Enduring Beauty: Seminole Art and Culture
ORLANDO, February 21, 2018 – The Orlando Museum of Art (OMA) is pleased to present Enduring Beauty: Seminole Art and Culture, a premiere exhibition drawn entirely from the important collection of American Indian art held by Winter Park residents I.S.K. “Keith” Reeves V and Sara W. Reeves. Considered to be the largest collection of Florida Seminole material in the world, held in private hands, Enduring Beauty covers Seminole art and culture from the 1820s through the present.
On view from March 22 – July 8, 2018, Enduring Beauty celebrates many aspects of Seminole culture, one being the spectacular design and craftsmanship of Seminole men’s big shirts created between 1915-1940. These brilliantly colored garments decorated with appliqué and patchwork are perhaps the most iconic expressions of Seminole art. Also included are examples of women’s and children’s clothing with the same richly decorated treatments. Much older are bandolier bags, sashes, leggings and other apparel worn by the Seminole as early as the 1820s. These are decorated with intricate beadwork in patterns that are often inspired by nature. Other artforms include dolls clothed in Seminole style, beadwork necklaces and finely woven sweet grass baskets with embroidery decoration.
The history of Seminole life and the variety of their distinctive adornment can also be seen in photographs, paintings and prints dating from the 19th and 20th centuries. The Reeves’ important collection of original historic photography includes images of Seminole lifestyle in the Everglades and proud portraits of families and noted individuals. 19th century color lithographs feature prominent Seminole leaders, many of whom were well known to the public at the time. Also, within this extensive exhibition is a group of paintings by Native American artist Harrison Begay, depicting varied Seminole cultural practices such as hunting, making canoes and dancing. Another highlight of the exhibition’s visual documentation will be an archival black and white film of traditional Seminole dance.
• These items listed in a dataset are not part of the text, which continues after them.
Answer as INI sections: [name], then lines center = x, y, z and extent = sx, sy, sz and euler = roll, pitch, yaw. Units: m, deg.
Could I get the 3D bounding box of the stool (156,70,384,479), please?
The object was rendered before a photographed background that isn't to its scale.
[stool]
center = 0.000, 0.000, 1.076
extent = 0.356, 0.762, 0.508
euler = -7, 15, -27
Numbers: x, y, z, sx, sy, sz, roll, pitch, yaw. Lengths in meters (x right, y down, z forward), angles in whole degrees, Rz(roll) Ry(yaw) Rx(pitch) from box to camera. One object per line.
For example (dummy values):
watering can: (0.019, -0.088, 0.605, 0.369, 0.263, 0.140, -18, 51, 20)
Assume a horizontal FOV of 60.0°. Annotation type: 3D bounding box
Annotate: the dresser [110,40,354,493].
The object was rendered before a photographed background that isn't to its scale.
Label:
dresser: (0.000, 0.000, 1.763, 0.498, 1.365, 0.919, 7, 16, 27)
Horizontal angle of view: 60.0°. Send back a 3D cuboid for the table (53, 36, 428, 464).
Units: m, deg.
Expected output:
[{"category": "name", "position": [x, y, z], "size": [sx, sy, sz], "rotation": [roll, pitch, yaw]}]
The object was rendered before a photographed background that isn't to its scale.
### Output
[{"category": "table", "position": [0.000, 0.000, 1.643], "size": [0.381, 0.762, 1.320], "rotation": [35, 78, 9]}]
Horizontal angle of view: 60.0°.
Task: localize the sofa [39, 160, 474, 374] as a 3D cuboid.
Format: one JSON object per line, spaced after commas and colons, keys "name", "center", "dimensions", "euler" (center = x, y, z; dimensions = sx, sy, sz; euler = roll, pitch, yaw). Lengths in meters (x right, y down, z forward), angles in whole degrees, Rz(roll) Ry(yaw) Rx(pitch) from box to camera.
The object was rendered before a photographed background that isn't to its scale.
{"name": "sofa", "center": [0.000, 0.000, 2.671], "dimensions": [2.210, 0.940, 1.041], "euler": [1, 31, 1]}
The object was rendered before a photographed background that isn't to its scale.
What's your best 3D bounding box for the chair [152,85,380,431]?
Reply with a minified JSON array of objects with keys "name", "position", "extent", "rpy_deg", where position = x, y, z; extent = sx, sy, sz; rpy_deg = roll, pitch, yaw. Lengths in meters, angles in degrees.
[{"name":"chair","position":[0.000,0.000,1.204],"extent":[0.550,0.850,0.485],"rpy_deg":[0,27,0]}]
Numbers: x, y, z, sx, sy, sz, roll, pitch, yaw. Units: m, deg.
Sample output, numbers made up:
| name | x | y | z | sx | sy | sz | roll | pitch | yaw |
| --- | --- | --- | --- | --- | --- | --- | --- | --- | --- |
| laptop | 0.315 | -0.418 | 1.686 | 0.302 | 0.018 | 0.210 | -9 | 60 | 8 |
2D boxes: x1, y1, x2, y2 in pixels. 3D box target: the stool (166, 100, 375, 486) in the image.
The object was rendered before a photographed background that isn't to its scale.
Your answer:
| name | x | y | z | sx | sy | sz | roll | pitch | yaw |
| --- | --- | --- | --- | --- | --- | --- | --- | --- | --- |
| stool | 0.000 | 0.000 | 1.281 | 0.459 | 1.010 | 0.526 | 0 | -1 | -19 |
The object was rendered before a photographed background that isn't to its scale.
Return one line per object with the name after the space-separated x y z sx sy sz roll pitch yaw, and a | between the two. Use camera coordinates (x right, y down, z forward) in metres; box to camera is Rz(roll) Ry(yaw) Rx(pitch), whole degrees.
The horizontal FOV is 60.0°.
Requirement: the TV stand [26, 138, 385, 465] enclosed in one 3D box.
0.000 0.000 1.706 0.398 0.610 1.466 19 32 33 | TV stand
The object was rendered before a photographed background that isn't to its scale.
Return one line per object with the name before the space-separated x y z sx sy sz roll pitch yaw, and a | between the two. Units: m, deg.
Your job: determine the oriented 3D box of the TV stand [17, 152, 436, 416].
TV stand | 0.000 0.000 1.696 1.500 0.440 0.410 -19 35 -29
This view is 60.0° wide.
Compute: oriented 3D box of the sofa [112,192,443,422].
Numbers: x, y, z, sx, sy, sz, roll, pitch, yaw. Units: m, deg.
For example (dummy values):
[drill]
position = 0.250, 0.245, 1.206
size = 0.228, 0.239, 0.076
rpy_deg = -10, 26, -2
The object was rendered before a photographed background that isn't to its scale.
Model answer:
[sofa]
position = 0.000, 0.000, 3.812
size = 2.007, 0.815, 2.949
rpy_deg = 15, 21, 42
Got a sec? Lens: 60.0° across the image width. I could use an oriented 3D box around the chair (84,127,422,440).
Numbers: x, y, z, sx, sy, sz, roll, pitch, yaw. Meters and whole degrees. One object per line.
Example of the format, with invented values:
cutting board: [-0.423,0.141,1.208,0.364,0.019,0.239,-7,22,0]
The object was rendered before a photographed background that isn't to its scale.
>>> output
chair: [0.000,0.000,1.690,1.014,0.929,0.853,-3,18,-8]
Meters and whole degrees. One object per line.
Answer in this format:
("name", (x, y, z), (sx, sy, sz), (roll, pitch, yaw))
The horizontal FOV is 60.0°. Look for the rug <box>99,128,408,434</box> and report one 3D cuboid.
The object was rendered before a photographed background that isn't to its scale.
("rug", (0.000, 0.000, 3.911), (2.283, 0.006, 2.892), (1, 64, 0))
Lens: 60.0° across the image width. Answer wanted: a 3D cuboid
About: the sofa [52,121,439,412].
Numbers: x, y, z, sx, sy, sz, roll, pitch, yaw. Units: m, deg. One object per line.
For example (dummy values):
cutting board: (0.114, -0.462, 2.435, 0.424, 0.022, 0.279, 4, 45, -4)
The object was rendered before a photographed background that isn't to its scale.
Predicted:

This exceptional collection was formed over the course of 40 years, around the Reeves’ respect for the long history of perseverance of the Seminole during the formative years of the State. In an effort to remain in their Florida homeland, the Seminole faced three wars against forced Federal removal to Oklahoma during the years 1817-1858. Following these wars, the roughly 300 Seminoles who did not surrender settled in the Everglades where the rugged environment provided a natural defense. Today, thousands of descendants of those few survivors live and thrive on six reservations in the state of Florida.
The Reeves state that, “The fact that the Seminole never surrendered and are flourishing today is a testament to the strength of their culture. We believe that every citizen of Florida, and every guest who visits Florida, should know about their history of endurance and achievement. For these reasons, we are pleased to share our collection of beautiful and enduring Seminole art within this singular exhibition.”